OpenPose body skeleton. Locks the figure's stance and limb positions.

Scribble

Loose hand-drawn doodles turned into finished art.

Segmentation

Color-coded region map. Assign each area of the scene to a class.

Normal

Surface-normal map. Preserves fine 3D surface orientation and bumps.

Lineart

Fine line extraction — ideal for inking, manga, and illustration.

Soft-edge

Gentle boundary detection that follows shapes more loosely than Canny.

MLSD

Straight-line segments. Made for architecture, interiors, and product shots.

Tile

Detail-preserving conditioning for upscaling and seamless texture work.

Inpaint

Mask-aware conditioning to regenerate only part of an image.

Repaint / outpaint

Extend a canvas or repaint regions while honoring the surrounding structure.

Three steps

Upload a reference image — a photo, a sketch, a screenshot, anything with the structure you want to keep.
Pick the conditioning type that matches what you care about (pose for a figure, depth for a scene, canny or lineart for clean outlines).
Write a prompt describing the look you want and generate. Raise control strength to follow the reference more tightly, lower it for more creative freedom.

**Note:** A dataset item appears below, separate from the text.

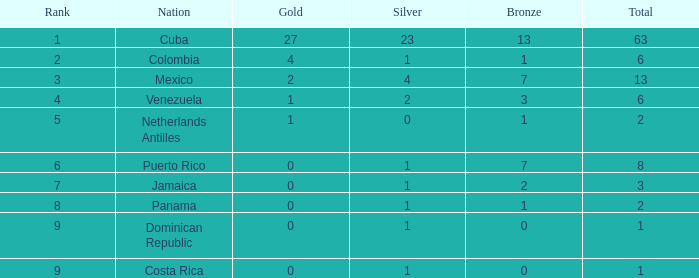What nation holds the least gold average having a rank beyond 9? None.

ControlNet — 12 conditioning types in one tool — FAQ

ControlNet lets you steer AI image generation with a structural reference image instead of relying on the text prompt alone. Upload a reference, pick a conditioning type (pose, depth, edges, scribble, segmentation, and more), write a prompt, and SDXL generates a brand-new image that follows your reference structure while taking its content, style, and colors from your words. It is backed by ControlNet-Union SDXL ProMax — one model that handles 12 conditioning types in a single omni-picker.

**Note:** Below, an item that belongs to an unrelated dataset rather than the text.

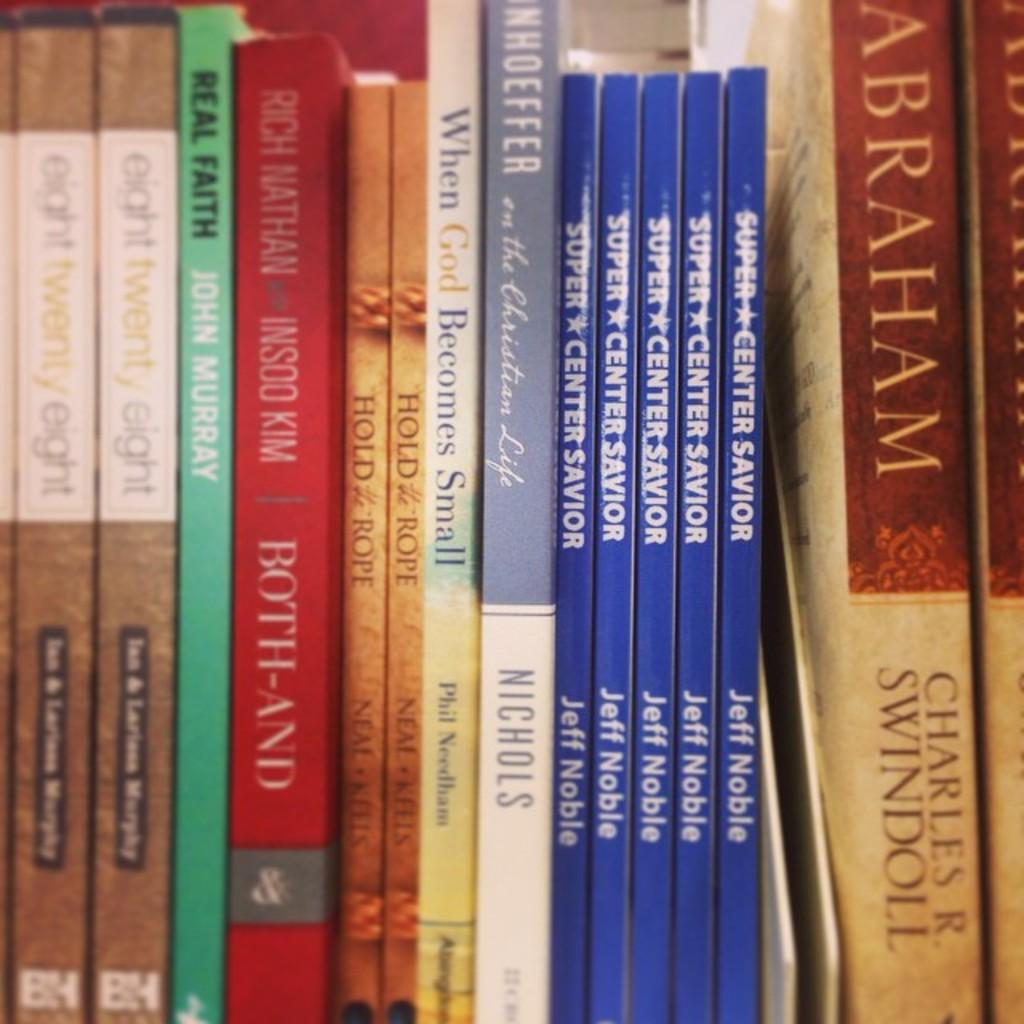Provide a one-sentence caption for the provided image. nine paperbook books on a shelf about religon.

Twelve: Canny (hard edges), Depth (3D distance), OpenPose (human skeleton/pose), Scribble (rough sketch), Segmentation (region map), Normal map (surface direction), Lineart, Lineart-anime, Soft Edge / HED (soft outlines), MLSD (straight lines for architecture/interiors), Tile (detail-preserving upscale guidance), and Inpaint. Pick the one that matches what you want to keep constant from your reference.

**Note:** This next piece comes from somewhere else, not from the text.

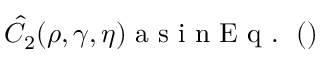Convert formula to latex. <formula><loc_0><loc_0><loc_500><loc_500>\hat { C } _ { 2 } ( \rho , \gamma , \eta ) a s i n E q . ( )</formula>

It extracts a control signal from your reference (an edge map, a pose skeleton, a depth map, etc.) and feeds that into SDXL alongside your text prompt at every denoising step. The result respects the structure of the control signal — same composition, same pose, same perspective — while the prompt decides the subject, style, materials, and lighting. So you get the layout you want plus the creative freedom of a prompt.

Use OpenPose when the human body position/gesture is what matters and everything else can change (great for putting a character in a specific stance). Use Depth when you want to preserve 3D layout and perspective — rooms, scenes, foreground/background separation — while restyling everything. Use Canny when you need to keep precise outlines and hard edges (product shots, logos, architecture) almost exactly. Rule of thumb: Pose = body, Depth = space, Canny = edges.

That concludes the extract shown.